L'abonnement CMS lui-même est souvent le plus petit élément de ligne — c'est la migration de contenu, la reconstruction du frontend, et le travail de préservation SEO qui prennent le temps et l'argent.

Combien de temps prend une migration WordPress vers CMS headless ?

La plupart des migrations prennent 6–12 semaines du lancement au lancement. La ventilation est à peu près : 1–2 semaines pour l'audit de contenu et la conception de schéma, 1–2 semaines pour la migration de données scripting, 2–6 semaines pour la reconstruction du frontend, et 1–2 semaines pour QA et le lancement.

La plus grande variable est le frontend — si vous construisez un site marketing complexe avec des dizaines de modèles de page, cela prend plus de temps qu'un simple blog.

Puis-je migrer WordPress vers CMS headless sans perdre le trafic SEO ?

Oui, mais seulement si vous êtes discipliné à ce sujet.

Les clés sont : maintenir votre structure d'URL (ou mettre en place des redirections 301 appropriées pour chaque URL modifiée), préserver vos balises de titre et métadescriptions, garder les données structurées intactes, et soumettre votre nouveau sitemap immédiatement. Monitorez Google Search Console quotidiennement pendant 30–60 jours après le lancement.

Une certaine fluctuation de classement temporaire est normale, mais si vous avez effectué correctement la cartographie de redirection, le trafic devrait se rétablir dans les 2–4 semaines.

Devrais-je utiliser WordPress comme CMS headless à la place de migrer ?

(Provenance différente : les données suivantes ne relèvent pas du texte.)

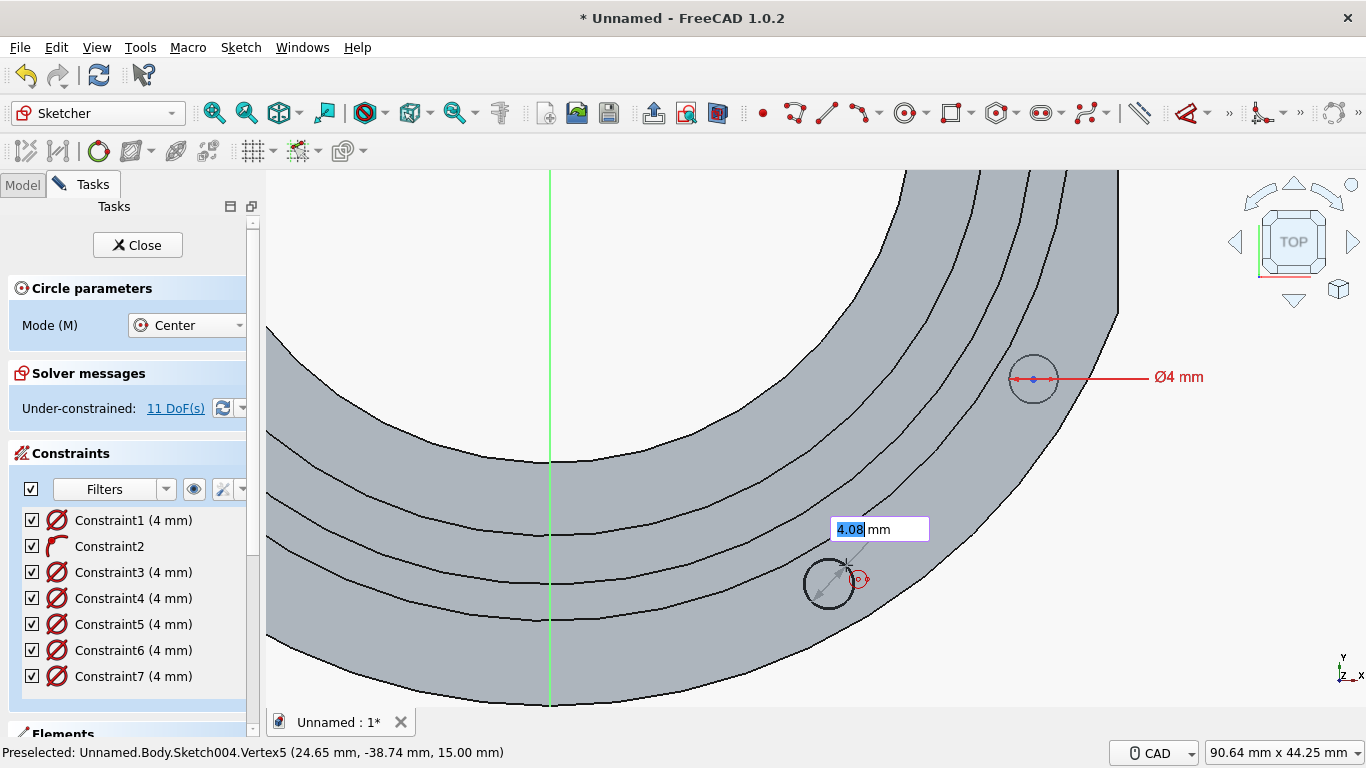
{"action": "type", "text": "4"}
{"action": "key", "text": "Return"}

Cela dépend de vos contraintes. Si vos éditeurs refusent absolument d'apprendre un nouveau CMS et que vous avez des années de personnalisations spécifiques à WordPress, exécuter WordPress sans tête (avec WPGraphQL et un frontend Next.js) est une étape intermédiaire valide.

Mais vous maintenez toujours WordPress — les plugins, les mises à jour de sécurité, le runtime PHP. Pour la plupart des équipes effectuant une migration propre, un CMS headless natif comme Sanity ou Payload est le meilleur choix à long terme car vous ne portez pas les bagages architecturaux de WordPress.

Qu'advient-il de mes plugins WordPress après la migration ?

Ils disparaissent. C'est à la fois la meilleure et la plus effrayante partie d'une migration headless.

Yoast SEO ? Vous gérerez les balises meta dans votre framework frontend. Contact Form 7 ? Remplacez-le par un service de formulaire comme Formspree ou construisez le vôtre. WooCommerce ? Vous aurez besoin d'une solution e-commerce dédiée comme Shopify (headless), Saleor, ou Medusa.

Parcourez vos plugins actifs et cartographiez chacun à un remplacement avant de commencer la migration. La plupart des fonctionnalités qui nécessitaient un plugin WordPress sont soit intégrées aux frameworks modernes, soit disponibles sous forme d'API SaaS.

Ai-je besoin d'une agence pour la migration CMS WordPress headless ?

Pas nécessairement, mais cela dépend de l'ensemble de compétences de votre équipe. Si vous avez des développeurs à l'aise avec React/Next.js, les intégrations API, et DevOps, vous pouvez absolument gérer une migration en interne.

Là où les agences comme les nôtres ajoutent le plus de valeur c'est l'expérience — nous avons fait des douzaines de ces migrations et savons où sont les pièges (cas limites de transformation de contenu, cartographie de redirection SEO à l'échelle, optimisation de performance). Pour les sites critiques pour l'entreprise où les temps d'arrêt ou la perte de trafic ont un véritable impact sur les revenus, l'investissement dans l'aide expérimentée se paie généralement.